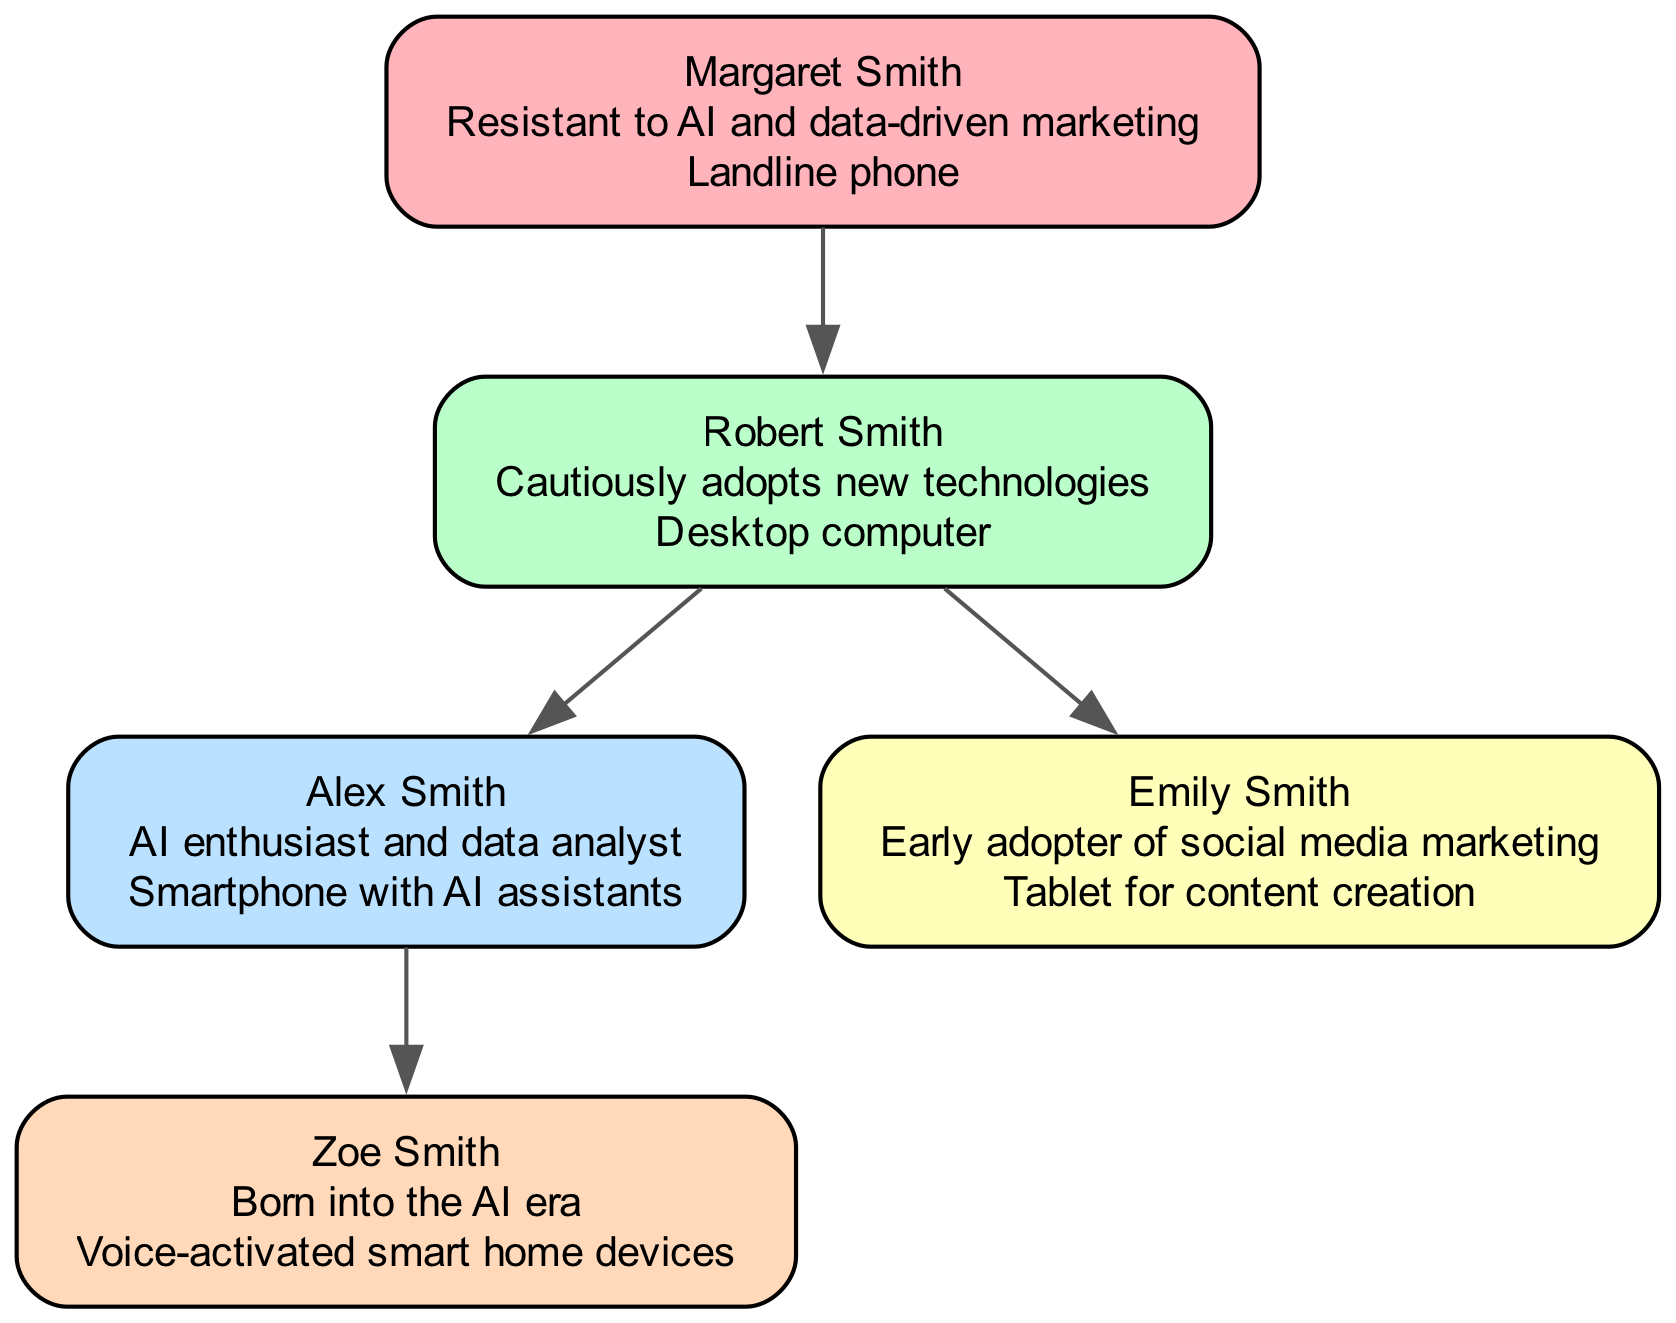What is the name of the grandparent in the family tree? The diagram lists the grandparent's name as Margaret Smith.
Answer: Margaret Smith Which device does Emily Smith prefer? According to the diagram, Emily Smith's favorite device is a Tablet for content creation.
Answer: Tablet for content creation How many nodes are there in total in the family tree? The diagram includes five distinct family members, which are the grandparent, parent, self, sibling, and child, making a total of five nodes.
Answer: 5 What is Robert Smith's attitude towards technology? The diagram indicates that Robert Smith has a cautious attitude toward adopting new technologies.
Answer: Cautiously adopts new technologies Who is the child of Alex Smith? Looking at the relationships depicted in the diagram, Zoe Smith is shown as the child of Alex Smith.
Answer: Zoe Smith Which family member is resistant to AI? The diagram specifies that Margaret Smith is resistant to AI and data-driven marketing.
Answer: Margaret Smith Which device is favored by Zoe Smith? Based on the information in the diagram, Zoe Smith's favorite device is a voice-activated smart home device.
Answer: Voice-activated smart home devices From which generation does the early adopter of social media marketing come? The diagram shows that Emily Smith, who is an early adopter of social media marketing, belongs to the sibling generation.
Answer: Sibling What color represents the parent in the family tree diagram? The diagram uses light green to denote the parent, Robert Smith.
Answer: Light green

**About this exercise:**
Check the data for the word "Tablet" and pull out the lines that have it.

**Result:**
Answer: Margaret Smith Which device does Emily Smith prefer? According to the diagram, Emily Smith's favorite device is a Tablet for content creation.
Answer: Tablet for content creation How many nodes are there in total in the family tree? The diagram includes five distinct family members, which are the grandparent, parent, self, sibling, and child, making a total of five nodes.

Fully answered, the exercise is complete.